ABOUT THIS TASK:
Every line below between the line holding "#5 rack shelf <box>850,490,857,513</box>" and the line holding "Use a numbered", inclusive, should be repeated exactly, and all other lines omitted.

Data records
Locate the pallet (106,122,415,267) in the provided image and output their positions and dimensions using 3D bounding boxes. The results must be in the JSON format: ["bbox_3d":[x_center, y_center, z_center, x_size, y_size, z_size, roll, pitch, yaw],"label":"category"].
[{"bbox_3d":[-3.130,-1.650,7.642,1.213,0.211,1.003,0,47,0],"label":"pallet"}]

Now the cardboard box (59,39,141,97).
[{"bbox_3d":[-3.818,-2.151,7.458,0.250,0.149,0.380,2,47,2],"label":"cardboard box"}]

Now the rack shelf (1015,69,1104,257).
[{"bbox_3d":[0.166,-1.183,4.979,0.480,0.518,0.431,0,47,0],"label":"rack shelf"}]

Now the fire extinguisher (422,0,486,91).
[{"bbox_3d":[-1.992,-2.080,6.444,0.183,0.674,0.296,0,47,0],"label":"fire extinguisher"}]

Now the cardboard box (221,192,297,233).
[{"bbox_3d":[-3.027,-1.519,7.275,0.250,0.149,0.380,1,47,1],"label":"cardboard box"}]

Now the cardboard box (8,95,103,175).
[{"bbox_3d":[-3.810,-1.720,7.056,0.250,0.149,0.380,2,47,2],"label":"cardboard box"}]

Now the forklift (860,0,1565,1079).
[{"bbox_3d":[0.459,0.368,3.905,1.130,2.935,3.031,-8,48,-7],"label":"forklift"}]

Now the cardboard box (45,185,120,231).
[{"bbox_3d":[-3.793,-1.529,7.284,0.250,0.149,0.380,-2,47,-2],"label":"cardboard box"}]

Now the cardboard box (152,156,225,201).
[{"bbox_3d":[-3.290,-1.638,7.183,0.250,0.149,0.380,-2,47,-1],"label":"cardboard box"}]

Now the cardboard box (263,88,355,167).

* * *

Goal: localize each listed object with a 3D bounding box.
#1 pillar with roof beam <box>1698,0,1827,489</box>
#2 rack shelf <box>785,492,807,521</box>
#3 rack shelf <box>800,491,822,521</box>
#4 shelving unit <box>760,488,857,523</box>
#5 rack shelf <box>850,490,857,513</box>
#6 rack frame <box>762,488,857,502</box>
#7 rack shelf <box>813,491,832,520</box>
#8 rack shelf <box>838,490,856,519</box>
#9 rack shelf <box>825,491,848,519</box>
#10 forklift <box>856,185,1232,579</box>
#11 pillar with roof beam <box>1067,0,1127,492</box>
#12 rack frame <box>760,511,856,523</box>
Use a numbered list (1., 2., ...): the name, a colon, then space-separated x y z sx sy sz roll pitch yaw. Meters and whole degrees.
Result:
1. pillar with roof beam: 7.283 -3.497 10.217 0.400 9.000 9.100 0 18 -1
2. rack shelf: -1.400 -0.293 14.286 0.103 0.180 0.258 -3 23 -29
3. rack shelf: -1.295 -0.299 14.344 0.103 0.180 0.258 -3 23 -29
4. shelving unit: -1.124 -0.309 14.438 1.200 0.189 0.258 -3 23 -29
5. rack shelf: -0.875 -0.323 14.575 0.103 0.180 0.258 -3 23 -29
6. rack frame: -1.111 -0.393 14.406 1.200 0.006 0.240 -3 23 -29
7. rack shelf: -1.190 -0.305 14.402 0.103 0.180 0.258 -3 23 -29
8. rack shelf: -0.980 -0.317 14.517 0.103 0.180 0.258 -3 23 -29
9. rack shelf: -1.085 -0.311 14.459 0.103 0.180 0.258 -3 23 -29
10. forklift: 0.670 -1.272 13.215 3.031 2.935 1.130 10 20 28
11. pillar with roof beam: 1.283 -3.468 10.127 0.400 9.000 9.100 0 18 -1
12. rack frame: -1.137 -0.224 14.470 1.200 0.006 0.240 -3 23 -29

TASK RESULT:
#5 rack shelf <box>850,490,857,513</box>
#6 rack frame <box>762,488,857,502</box>
#7 rack shelf <box>813,491,832,520</box>
#8 rack shelf <box>838,490,856,519</box>
#9 rack shelf <box>825,491,848,519</box>
#10 forklift <box>856,185,1232,579</box>
#11 pillar with roof beam <box>1067,0,1127,492</box>
#12 rack frame <box>760,511,856,523</box>
Use a numbered list (1., 2., ...): the name, a colon, then space-separated x y z sx sy sz roll pitch yaw. Meters and whole degrees.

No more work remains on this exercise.